McLaren's dealership in Beverly Hills has a Speedtail like no other, which recently paid a visit to Jay Leno's Garage.

The dealership was given this car as a reward for high sales. It's a Speedtail prototype that's been finished to production spec, but wearing the same livery used during testing. McLaren nicknamed the car Albert, referencing Albert Drive in Woking, U.K. That's the street where the production facility for the McLaren F1 was located. That facility is now home to the McLaren Special Operations (MSO) personalization department.

The unique livery starts with Ueno Gray up front fading into Magnesium Silver at the rear.

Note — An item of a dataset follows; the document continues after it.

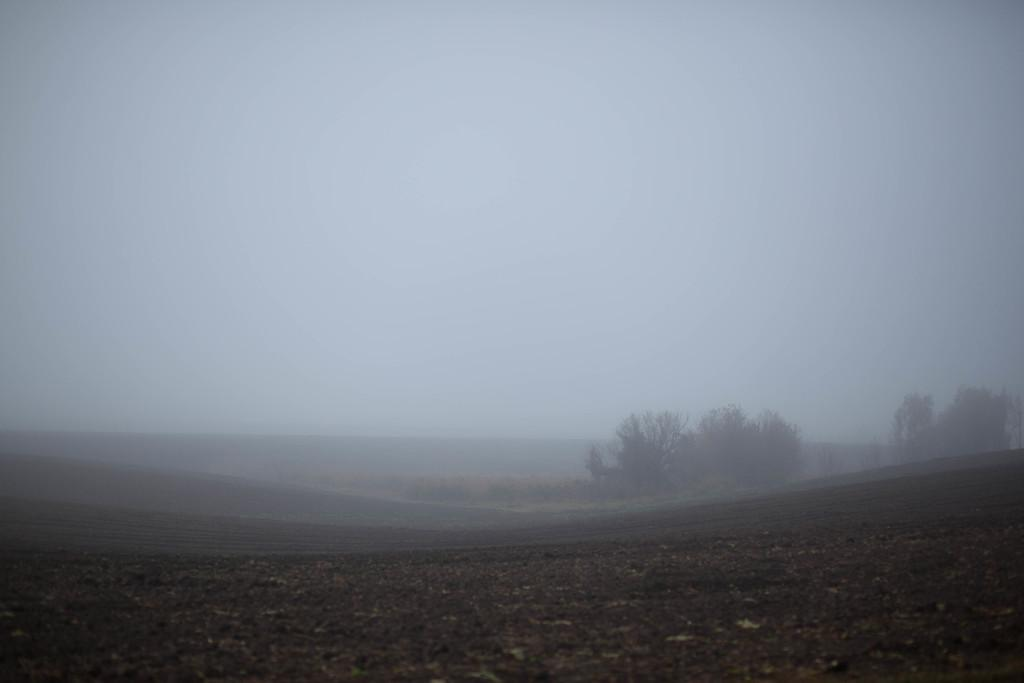What can be seen under the trees in the image? The ground is visible in the image. What type of vegetation is present in the image? There are trees in the image. What atmospheric condition is present in the image? There is fog in the image. What is visible in the distance in the image? The sky is visible in the background of the image. What grade does the tree on the left receive in the image? There is no indication of a grade or evaluation for the tree in the image. What fictional characters can be seen interacting with the fog in the image? There are no fictional characters present in the image; it is a natural scene with trees, ground, fog, and sky.

Magnesium Silver is the color used for the McLaren F1 at its 1992 Monaco Grand Prix debut, and featured on numerous car magazine covers. Ueno Gray is the color of the Ueno-sponsored F1 GTR that won outright at the 1995 24 Hours of Le Mans. The lines that connect the two shades represent an optimized airflow pattern, McLaren said when the car was unveiled in 2021.

It took MSO 12 weeks to complete the paint job alone. Those airflow lines are exposed carbon fiber, each with individual pinstripes.

The Speedtail was billed by McLaren as the spiritual successor to the F1, since it was designed as a road car rather than a track car. It also has the F1's distinctive three-seat arrangement, with the driver placed in the center. That's something Gordon Murray, designer of the F1, also reproduced for the GMA T.50, his own F1 homage.

Propulsion comes from a hybrid powertrain using a twin-turbocharged 4.0-liter V-8 and a single electric motor. Peak output of 1,055 hp and 848 lb-ft of torque is sent to the rear wheels, allowing the Speedtail to reach 250 mph.

Just 106 customer cars were built with an estimated price of $2.2 million each. While McLaren didn't engineer the Speedtail to be street legal in the U.S., about one third of the production run is thought to have ended up here. None of those cars look like Albert, though.